# breeder mentors



## mego (Jan 27, 2013)

This is just a dream - I am going to start out by saying that. I am young, I have many years ahead of me, I do not have CLOSE to the amount of experience at all required to be a breeder, to even be considering it either. I haven't worked dogs to the extent that you guys do.

However, I am interested in learning. One day, I do think it would be nice to work dogs and breed them. I'm studying up on training, have visited the sch club in the area (though I don't like the club much, going to try elsewhere eventually). I want to better the breed, to become as fluent as a few of you all in studying a pedigree, considering pairings, predicting outcomes.

If someone could point me to some reads that you consider *essential* that would be awesome. Even if I never become a breeder (i most likely will not) I want to be a little more proficient at studying a pedigree for my next pup. Better yet, if anyone wants to just share experiences how they got started, their biggest challenge, what one lesson they wish they knew prior to doing it, that would be cool as well. 

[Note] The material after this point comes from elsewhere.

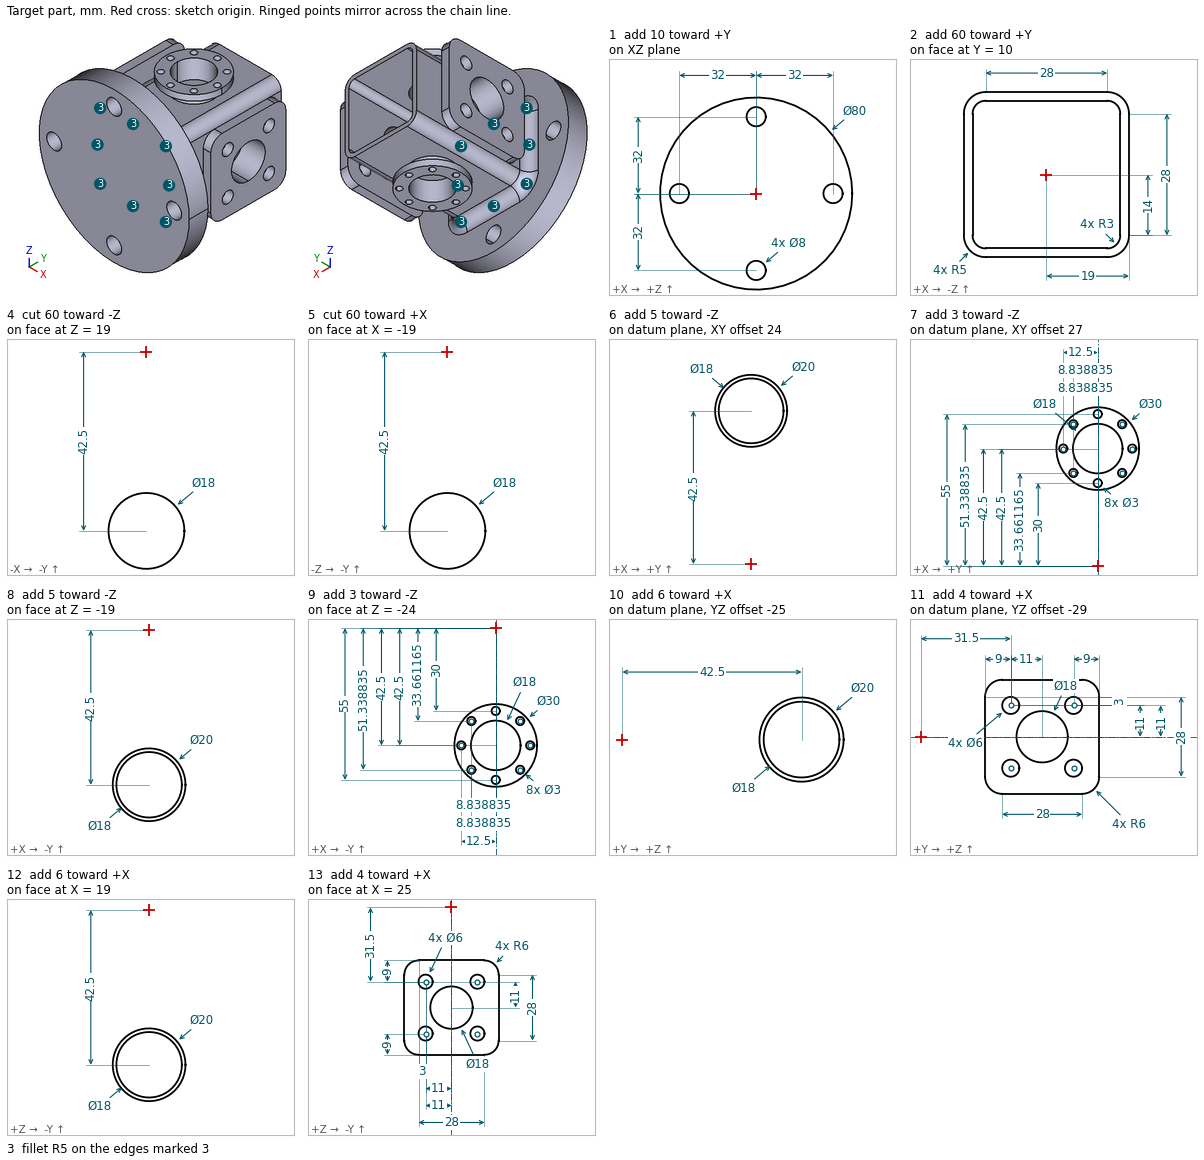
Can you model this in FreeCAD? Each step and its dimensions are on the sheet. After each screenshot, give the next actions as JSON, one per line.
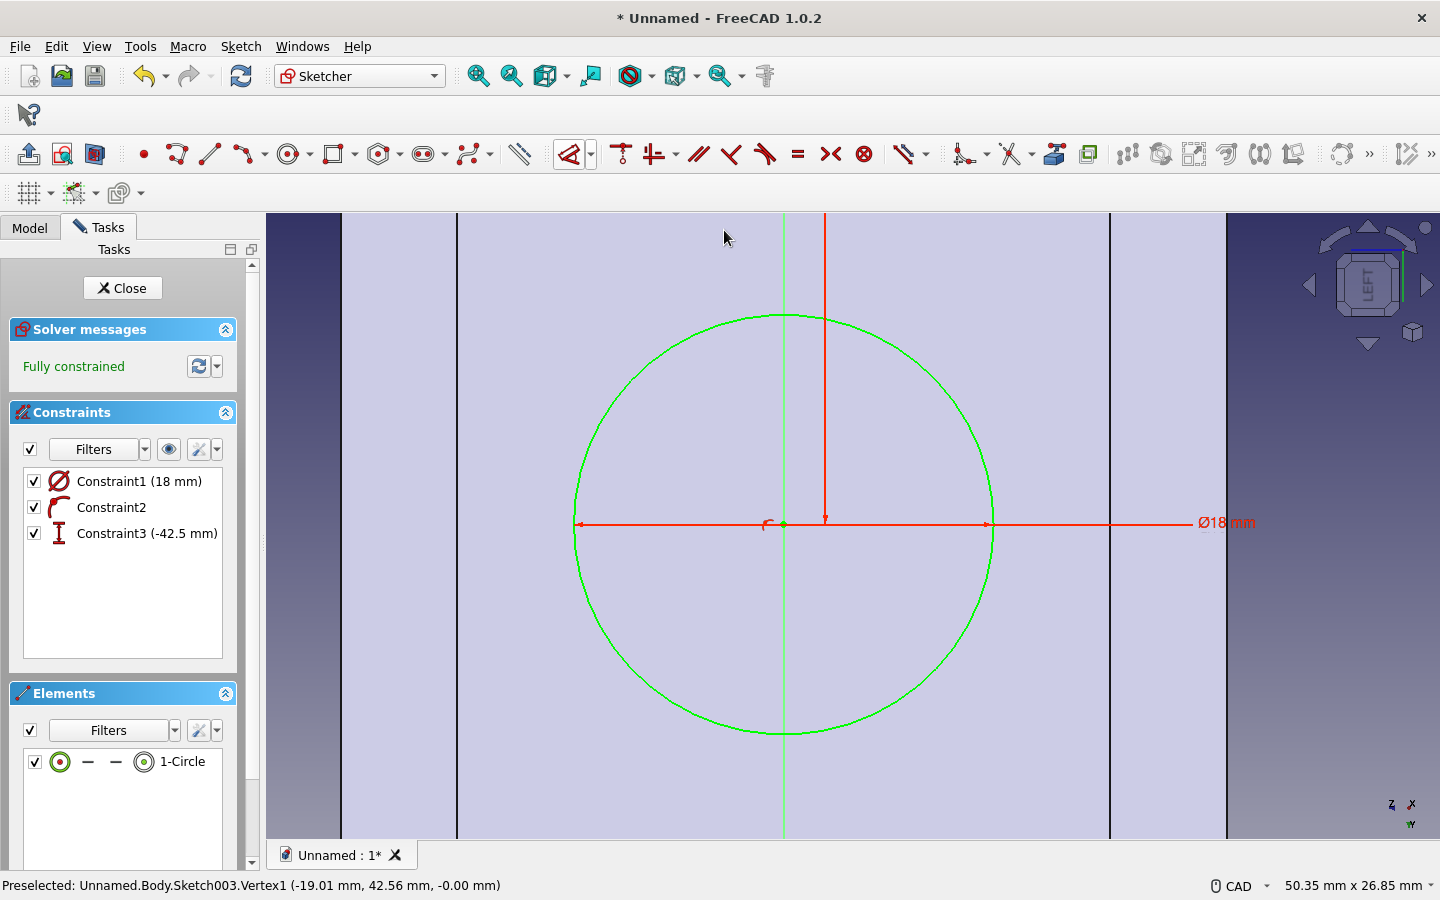
{"action": "left_click", "coordinate": [123, 288]}

This is just for the sake of healthy discussion. I do not want to breed my current girl. I am not one of those people that's like "aww, having puppies will be fun!" I'm talking about a possible JOB when I am older, not some side project that only gets limited time, this would be only if I do not work elsewhere and had ALL DAY to work dogs and care for them properly.

so again, just discussion


----------



## Liesje (Mar 4, 2007)

My situation is a little different since I own a male (stud) and have no plans to get and breed a female dog, but I do have someone local that agreed to be my "mentor". I can ask her the more nitty gritty questions about breeding. She has decades of experience with GSDs and other working breeds. I can call her anytime and she would come over or meet me if I was unsure about something, or was boarding a female to be bred and wanted more experienced supervision, or anything like that. I met her just by bumping into each other a few times at local dog clubs and working dog events.


----------



## cliffson1 (Sep 2, 2006)

The first thing I would recommend first is to acquire the German Shepherd in Word and Picture and truly understand what the breed should be without the negative influence of lines. Study the traits and characteristics of the dogs in the sixties and seventies that were prominent so that you can understand the strengths and weaknesses from which the ( lines) of today have evolved. Find someone you can have long conversations with( mentor) who will give you insights into the breed and other aspects....shy away from those that can only talk about their limited dogs, you need a mentor that has engaged with different venues in the breed and has seen and been involved with others both nationally and internationally. This may seem daunting, but I could list 5 to 10 people on this forum alone.....and there are many more out in the GS world.....finally it takes years and years of commitment bordering on obsession, but time is on your side....lol
Good Luck!


----------



## Andaka (Jun 29, 2003)

Last I knew, there were 3 Schutzhund clubs in the St. Louis area. And there are tons of dog events in the area. Many of them are held at Purina Farms -- herding, agility, obedience, conformation. Look on their website for a list of events.


----------



## holland (Jan 11, 2009)




----------



## Liesje (Mar 4, 2007)

Flyball tournament of champions (nationals) will be at Purina Farms in a few weeks!


----------



## Andaka (Jun 29, 2003)

Liesje said:


> Flyball tournament of champions (nationals) will be at Purina Farms in a few weeks!


Will you be there?


----------



## Liesje (Mar 4, 2007)

Yes, Nikon's team qualified so he will be competing


----------